= Upon the Circumcision =

Poem by John Milton

Upon the Circumcision is an ode by John Milton that was possibly written in 1633 and first published in 1645. It discusses the Feast of the Circumcision of Christ and connects Christ's Incarnation with his Crucifixion.

==Background==
The exact date of composition is unknown, but it is possible that Milton wrote the ode while attending Christ's College, Cambridge, and it is commonly dated to 1633. However, the ode, along with The Passion (Milton) and On the Morning of Christ's Nativity, were first published in 1645, and they are found within a manuscript that was not started before May 1634. They were composed during a time in which Milton became deeply concerned with Scripture but also one who still relies on myth. They were written during a time of experimentation in genre and subject for Milton.

==Poem==
Milton begins his poem by invoking the angels, and he claims that they too would need to cry along with mankind:
So sweetly sung your joy the clouds along
Through the soft silence of the list'ning night;
Now mourn, and if sad share with us to bear
Your fiery essence can distill no tear
Burn in your sighs, and borrow
Seas wept from our deep sorrow; (lines 4–9)

The final lines connect the act of Circumcision to Christ's Passion:
And that great cov'nant which we still transgress
Entirely satisfied,
And the full wrath beside
Of vengeful Justice bore for our excess,
And seals obedience first with wounding smart
This day: but O ere long
Huge pangs and strong
Will pierce more near his heart. (lines 21–28)

==Themes==
Upon the Circumcision with The Passion and On the Morning of Christ's Nativity form a set of poems that celebrates important Christian events: Christ's birth, the feast of the Circumcision, and Good Friday. The topic of these poems places them within a genre of Christian literature popular during the 17th century and places Milton alongside of poets like John Donne, Richard Crashaw, and George Herbert. However, Milton's poetry reflects the origins of his anti-William Laud and anti-Church of England-based religious beliefs.

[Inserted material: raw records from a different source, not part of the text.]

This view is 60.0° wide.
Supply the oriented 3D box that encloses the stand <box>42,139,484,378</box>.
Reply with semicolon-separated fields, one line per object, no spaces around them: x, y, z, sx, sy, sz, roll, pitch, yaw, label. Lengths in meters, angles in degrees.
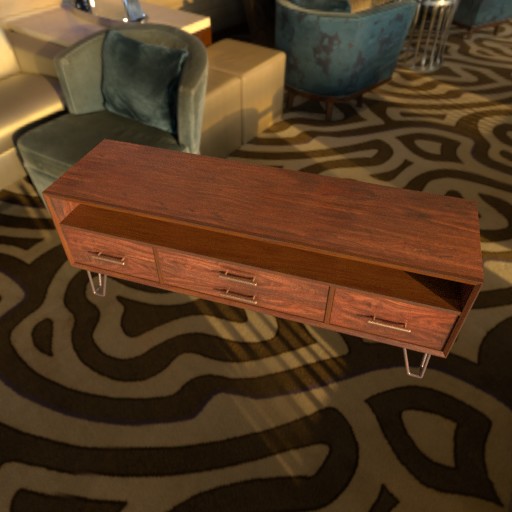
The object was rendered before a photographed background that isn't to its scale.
0.000;0.000;1.920;1.626;0.610;0.481;12;44;13;stand
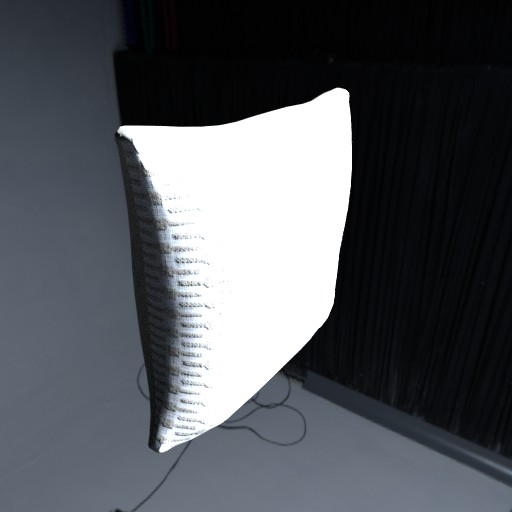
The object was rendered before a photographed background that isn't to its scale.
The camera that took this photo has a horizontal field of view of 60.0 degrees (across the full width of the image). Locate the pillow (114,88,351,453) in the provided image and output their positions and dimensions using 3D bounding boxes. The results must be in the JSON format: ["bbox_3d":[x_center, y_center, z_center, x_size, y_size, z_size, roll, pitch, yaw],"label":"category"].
[{"bbox_3d":[0.000,0.000,0.742,0.219,0.491,0.496,18,32,32],"label":"pillow"}]
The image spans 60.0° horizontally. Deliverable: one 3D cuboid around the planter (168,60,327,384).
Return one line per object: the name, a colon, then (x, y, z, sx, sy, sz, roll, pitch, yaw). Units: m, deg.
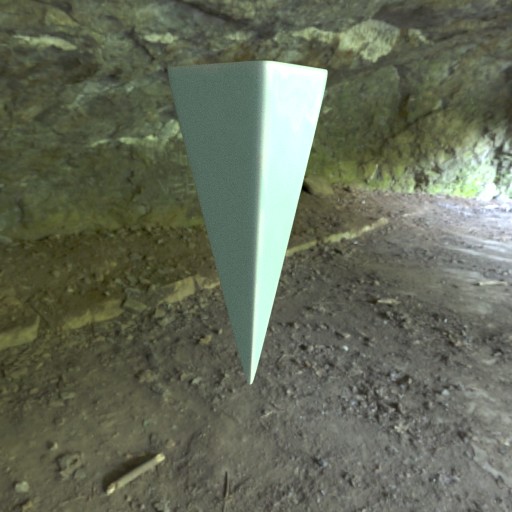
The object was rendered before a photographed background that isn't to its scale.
planter: (0.000, 0.000, 0.217, 0.080, 0.178, 0.064, -2, 16, -7)
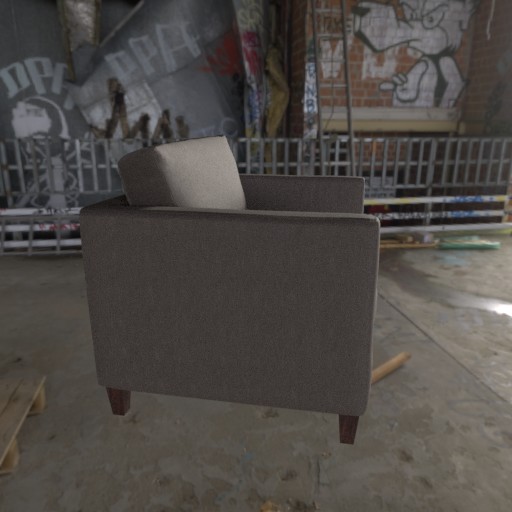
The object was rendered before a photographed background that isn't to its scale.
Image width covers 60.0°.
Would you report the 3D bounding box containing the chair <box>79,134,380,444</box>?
[{"bbox_3d":[0.000,0.000,1.864,0.959,0.963,1.107,3,17,10],"label":"chair"}]
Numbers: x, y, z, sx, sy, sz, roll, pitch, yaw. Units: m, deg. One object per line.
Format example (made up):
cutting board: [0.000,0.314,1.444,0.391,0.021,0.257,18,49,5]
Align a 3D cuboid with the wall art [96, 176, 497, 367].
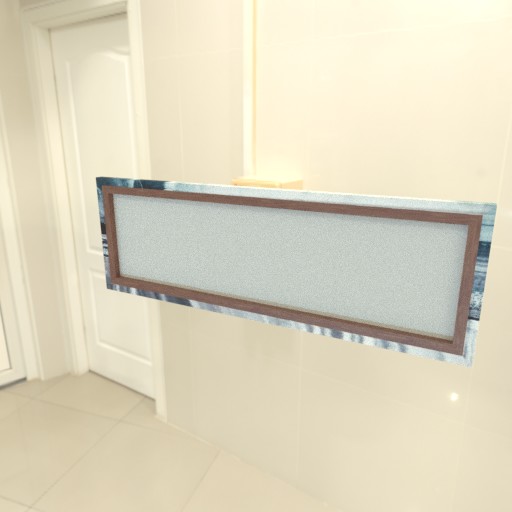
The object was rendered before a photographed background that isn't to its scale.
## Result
wall art: [0.000,0.000,1.652,1.524,0.509,0.037,8,18,26]
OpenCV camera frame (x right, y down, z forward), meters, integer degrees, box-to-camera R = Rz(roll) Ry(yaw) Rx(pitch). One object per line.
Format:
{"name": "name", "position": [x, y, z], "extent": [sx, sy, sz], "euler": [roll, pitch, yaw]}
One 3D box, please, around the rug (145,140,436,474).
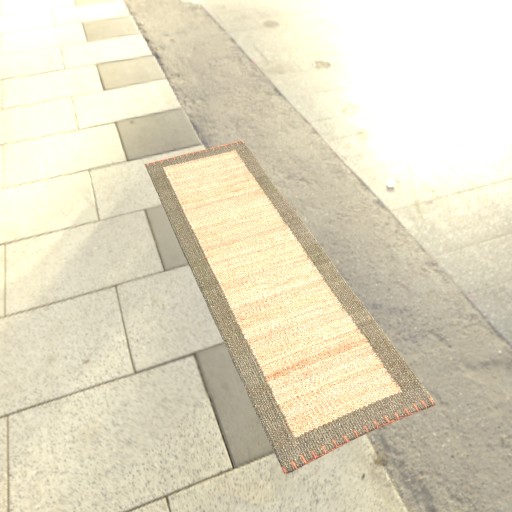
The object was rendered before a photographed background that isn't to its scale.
{"name": "rug", "position": [0.000, 0.000, 2.727], "extent": [0.810, 0.016, 2.413], "euler": [-18, 50, -16]}
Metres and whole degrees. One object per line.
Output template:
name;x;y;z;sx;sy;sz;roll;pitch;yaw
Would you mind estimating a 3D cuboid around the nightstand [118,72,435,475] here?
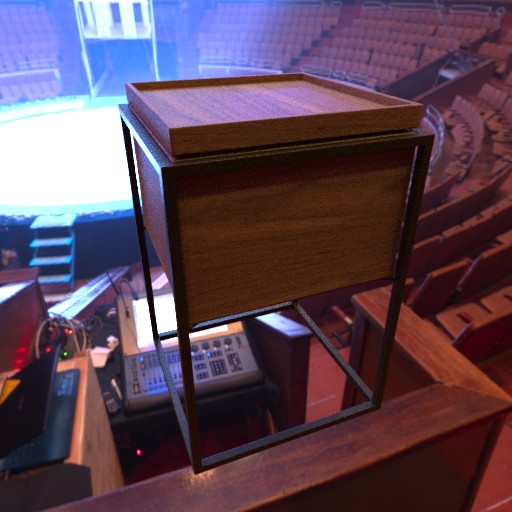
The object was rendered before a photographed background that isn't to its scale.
nightstand;0.000;0.000;0.864;0.397;0.607;0.397;-11;32;-19
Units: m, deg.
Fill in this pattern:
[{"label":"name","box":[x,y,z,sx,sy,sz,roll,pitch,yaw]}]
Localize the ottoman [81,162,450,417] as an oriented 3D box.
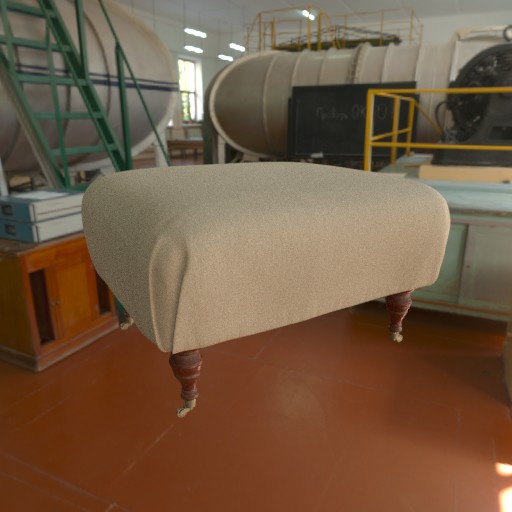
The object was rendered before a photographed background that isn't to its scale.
[{"label":"ottoman","box":[0.000,0.000,1.127,0.746,0.450,0.639,-10,20,-29]}]
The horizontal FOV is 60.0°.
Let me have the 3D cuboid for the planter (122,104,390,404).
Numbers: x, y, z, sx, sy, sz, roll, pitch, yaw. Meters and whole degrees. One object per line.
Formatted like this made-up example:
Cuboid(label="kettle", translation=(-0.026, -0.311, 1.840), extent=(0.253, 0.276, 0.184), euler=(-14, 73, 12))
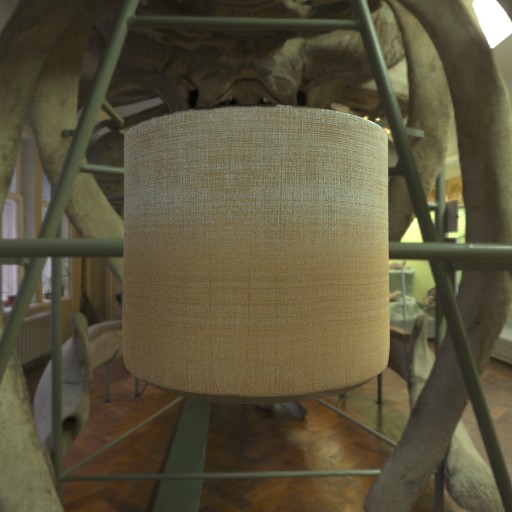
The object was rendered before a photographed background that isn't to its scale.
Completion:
Cuboid(label="planter", translation=(0.000, 0.000, 0.438), extent=(0.254, 0.221, 0.254), euler=(0, 1, 0))
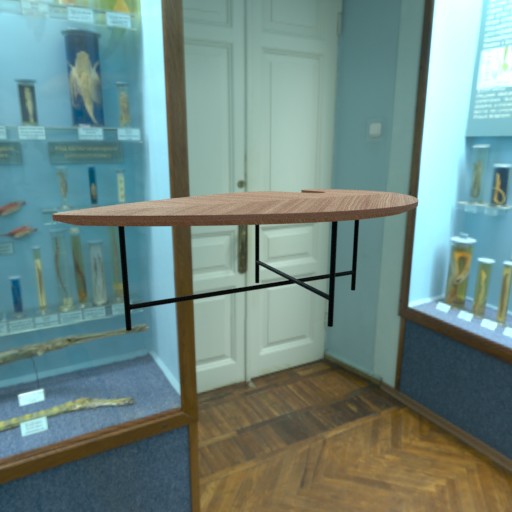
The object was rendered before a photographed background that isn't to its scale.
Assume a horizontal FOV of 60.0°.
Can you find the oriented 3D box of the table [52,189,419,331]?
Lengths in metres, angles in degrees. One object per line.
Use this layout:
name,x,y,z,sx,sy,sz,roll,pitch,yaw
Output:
table,0.000,0.000,1.469,1.199,0.360,0.598,-7,16,-26
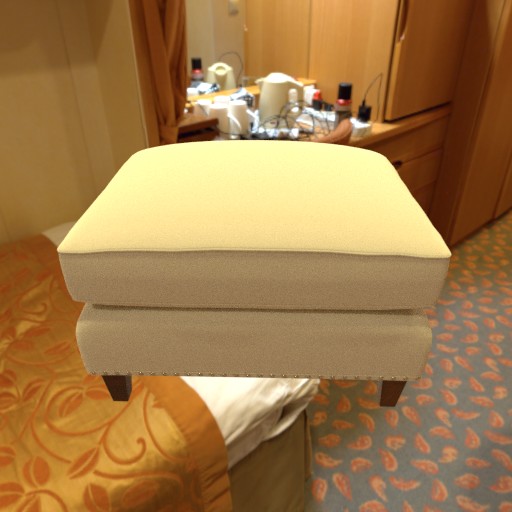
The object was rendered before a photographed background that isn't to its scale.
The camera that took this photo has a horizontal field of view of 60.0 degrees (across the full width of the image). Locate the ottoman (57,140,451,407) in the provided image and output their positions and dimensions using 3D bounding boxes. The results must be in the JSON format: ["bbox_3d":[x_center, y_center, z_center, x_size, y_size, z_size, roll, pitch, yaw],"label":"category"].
[{"bbox_3d":[0.000,0.000,1.139,0.741,0.513,0.584,1,31,1],"label":"ottoman"}]
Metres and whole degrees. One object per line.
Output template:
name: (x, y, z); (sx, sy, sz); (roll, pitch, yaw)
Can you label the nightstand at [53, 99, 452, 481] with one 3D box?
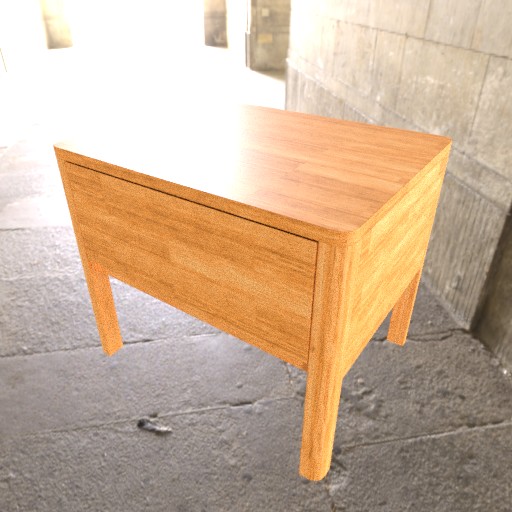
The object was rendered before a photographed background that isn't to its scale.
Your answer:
nightstand: (0.000, 0.000, 0.896); (0.560, 0.470, 0.440); (20, 37, 29)
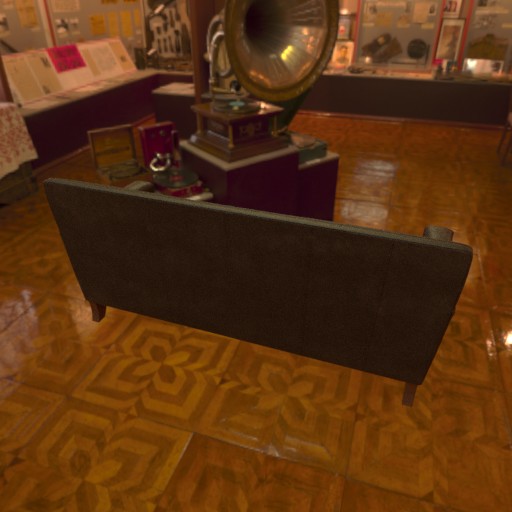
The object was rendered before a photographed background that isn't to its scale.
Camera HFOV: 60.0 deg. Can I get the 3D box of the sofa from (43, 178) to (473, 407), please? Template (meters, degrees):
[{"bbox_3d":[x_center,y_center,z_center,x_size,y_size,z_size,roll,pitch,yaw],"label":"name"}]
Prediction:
[{"bbox_3d":[0.000,0.000,2.518,2.053,0.947,0.805,11,33,17],"label":"sofa"}]
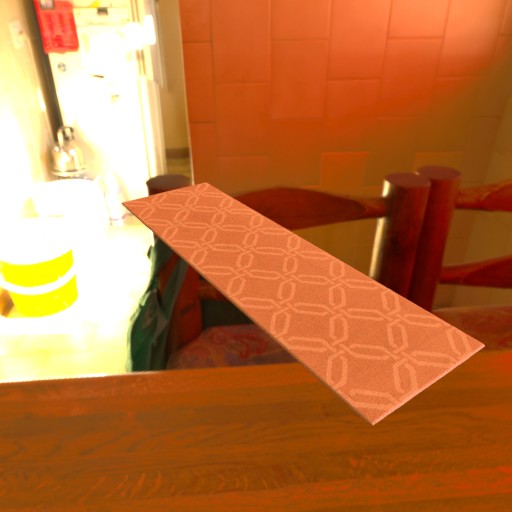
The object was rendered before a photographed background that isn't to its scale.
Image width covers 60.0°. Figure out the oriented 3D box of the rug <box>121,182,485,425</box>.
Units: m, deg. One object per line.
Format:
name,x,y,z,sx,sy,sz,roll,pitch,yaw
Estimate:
rug,0.000,0.000,2.442,0.678,0.014,2.276,-20,35,-30
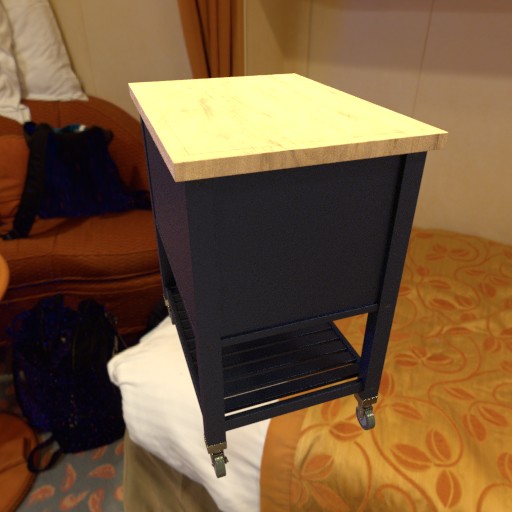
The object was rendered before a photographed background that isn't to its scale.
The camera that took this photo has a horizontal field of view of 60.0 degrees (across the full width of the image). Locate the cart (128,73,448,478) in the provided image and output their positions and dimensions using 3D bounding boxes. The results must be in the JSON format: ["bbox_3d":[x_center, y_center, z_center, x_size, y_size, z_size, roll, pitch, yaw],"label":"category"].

Although the other poems in the series tend to be commonplace in theme with Milton's contemporaries, the topic of Christ's Circumcision is rare. Of these poems, Herrick discusses the Circumcision as a somber moment during the festive Twelve Days of Christmas. Milton's poem is convention and Milton connects the Circumcision with Christ's Incarnation by describing the removal of flesh as linking Christ to his human identity. The poem's final moments, of linking the Circumcision with the Crucifixion, is a common theme within Circumcision poems, including the description in Cartwright's and Francis Quarles's poems. However, Milton's, unlike some others, fails to mention the Virgin Mary in relationship to the infant Jesus.